Julie: What are you most likely to eat at work?
Alex: I feel like every time I am here I eat something different. I always try to create new things like ordering eggs Benedict on a potato pancake and other crazy combinations. I tried a fried egg in a reuben one day.
Julie: What has been your experience working together?
Marc: Basically he is kicking me in the ass, which is what I did to my dad. It was just time for a change I knew it, but I just wasn't enthused about it because it is difficult to make changes. After hearing what Alex and my cousin Dena Stein had to say about what we probably should be doing, I realized, I needed to light that fire.
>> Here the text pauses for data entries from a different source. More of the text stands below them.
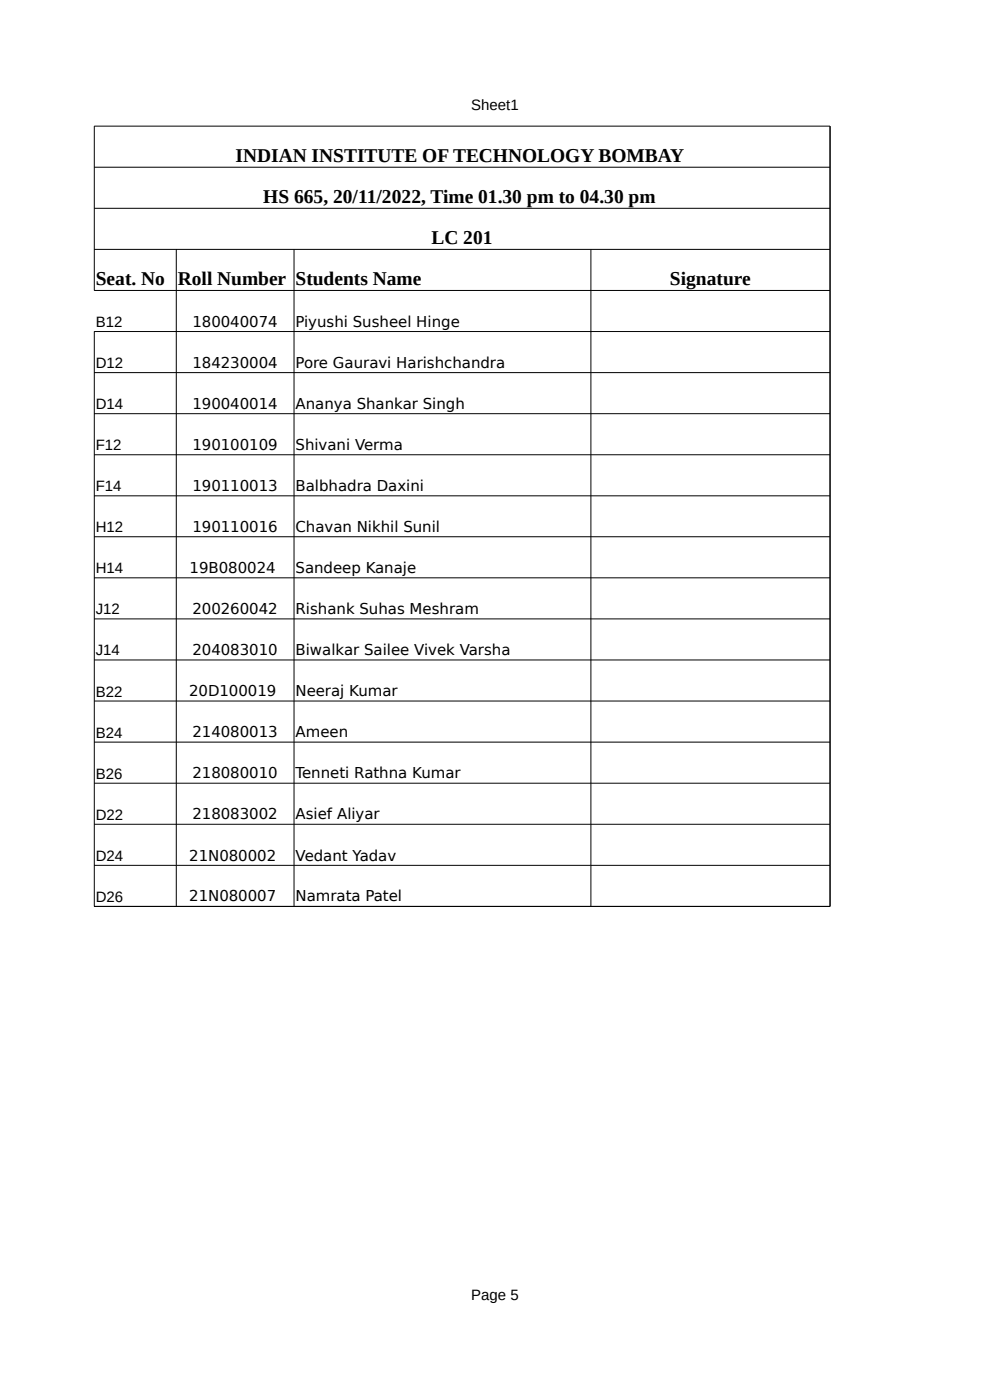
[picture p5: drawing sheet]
<svg xmlns="http://www.w3.org/2000/svg" width="210mm" height="297mm" viewBox="0 0 210 297" stroke-linecap="round" stroke-linejoin="round" font-family="sans-serif">
<defs><g id="words">
<g font-size="4.1">
<text x="50" y="34.3">INDIAN INSTITUTE OF TECHNOLOGY BOMBAY</text>
<text x="55.8" y="43">HS 665, 20/11/2022, Time 01.30 pm to 04.30 pm</text>
<text x="91.5" y="51.7">LC 201</text>
<text x="20.3" y="60.4">Seat. No</text>
<text x="37.7" y="60.4">Roll Number</text>
<text x="62.7" y="60.4">Students Name</text>
<text x="142.1" y="60.4">Signature</text>
</g>
<g font-size="3.2">
<text x="100" y="23.4">Sheet1</text>
<text x="20.3" y="69.3">B12</text>
<text x="40.8" y="69.3">180040074</text>
<text x="62.7" y="69.3">Piyushi Susheel Hinge</text>
<text x="40.8" y="78">184230004</text>
<text x="62.7" y="78">Pore Gauravi Harishchandra</text>
<text x="20.3" y="78.1">D12</text>
<text x="20.3" y="86.8">D14</text>
<text x="40.8" y="86.7">190040014</text>
<text x="62.7" y="86.7">Ananya Shankar Singh</text>
<text x="20.3" y="95.5">F12</text>
<text x="40.8" y="95.4">190100109</text>
<text x="62.7" y="95.4">Shivani Verma</text>
<text x="20.3" y="104.2">F14</text>
<text x="40.8" y="104.1">190110013</text>
<text x="62.7" y="104.1">Balbhadra Daxini</text>
<text x="20.3" y="112.9">H12</text>
<text x="40.8" y="112.8">190110016</text>
<text x="62.7" y="112.8">Chavan Nikhil Sunil</text>
<text x="20.3" y="121.6">H14</text>
<text x="40.2" y="121.6">19B080024</text>
<text x="62.7" y="121.6">Sandeep Kanaje</text>
<text x="20.3" y="130.3">J12</text>
<text x="40.8" y="130.3">200260042</text>
<text x="62.7" y="130.3">Rishank Suhas Meshram</text>
<text x="20.3" y="139.1">J14</text>
<text x="40.8" y="139">204083010</text>
<text x="62.7" y="139">Biwalkar Sailee Vivek Varsha</text>
<text x="20.3" y="147.8">B22</text>
<text x="40.1" y="147.7">20D100019</text>
<text x="62.7" y="147.7">Neeraj Kumar</text>
<text x="20.3" y="156.5">B24</text>
<text x="40.8" y="156.4">214080013</text>
<text x="62.7" y="156.4">Ameen</text>
<text x="20.3" y="165.2">B26</text>
<text x="40.8" y="165.1">218080010</text>
<text x="62.7" y="165.1">Tenneti Rathna Kumar</text>
<text x="20.3" y="173.9">D22</text>
<text x="40.8" y="173.8">218083002</text>
<text x="62.7" y="173.8">Asief Aliyar</text>
<text x="20.3" y="182.6">D24</text>
<text x="40.1" y="182.5">21N080002</text>
<text x="62.7" y="182.5">Vedant Yadav</text>
<text x="20.3" y="191.3">D26</text>
<text x="40.1" y="191.2">21N080007</text>
<text x="62.7" y="191.2">Namrata Patel</text>
<text x="100" y="275.9">Page 5</text>
</g>
</g></defs>
<g fill="none" stroke="#000" stroke-width=".21">
<path d="M20 35.5h156.1M20 44.2h156.1M20 52.9h156.1M37.4 52.9v139.4M62.4 52.9v139.4M125.3 52.9v139.4M20 79h156.1M176.1 61.6h-156.1v-34.8h156.1v165.5h-156.1v-122h156.1M20 87.8h156.1M20 96.5h156.1M20 105.2h156.1M20 113.9h156.1"/>
<path d="M20 122.6h156.1M20 131.3h156.1M20 140h156.1M20 148.7h156.1M20 157.4h156.1M20 166.1h156.1M20 174.9h156.1M20 183.6h156.1"/>
</g>
<use href="#words"/>
</svg>

Julie: When will the new menu be printed?
Marc: We have the new panini melt menu now, and will print the entire new version of the menu by the end of the summer.
Julie: What items did you take off of the menu?
Marc: We took off the short ribs, a canned salmon dish, and a triple-decker sandwich that had tongue in it. We also got rid of the macaroni salad, a pita wrap, and peppered beef because is not as good as the pastrami and people keep ordering it by mistake.
Julie: What will you say to regular customers who kvetch about the changes?
Marc: If people complain, we will let them know that we needed the room for the newer items and those were the ones that we didn't really want people to order anyway. Some of the items we can still make for people if they ask. It's not the first time we took things off the menu.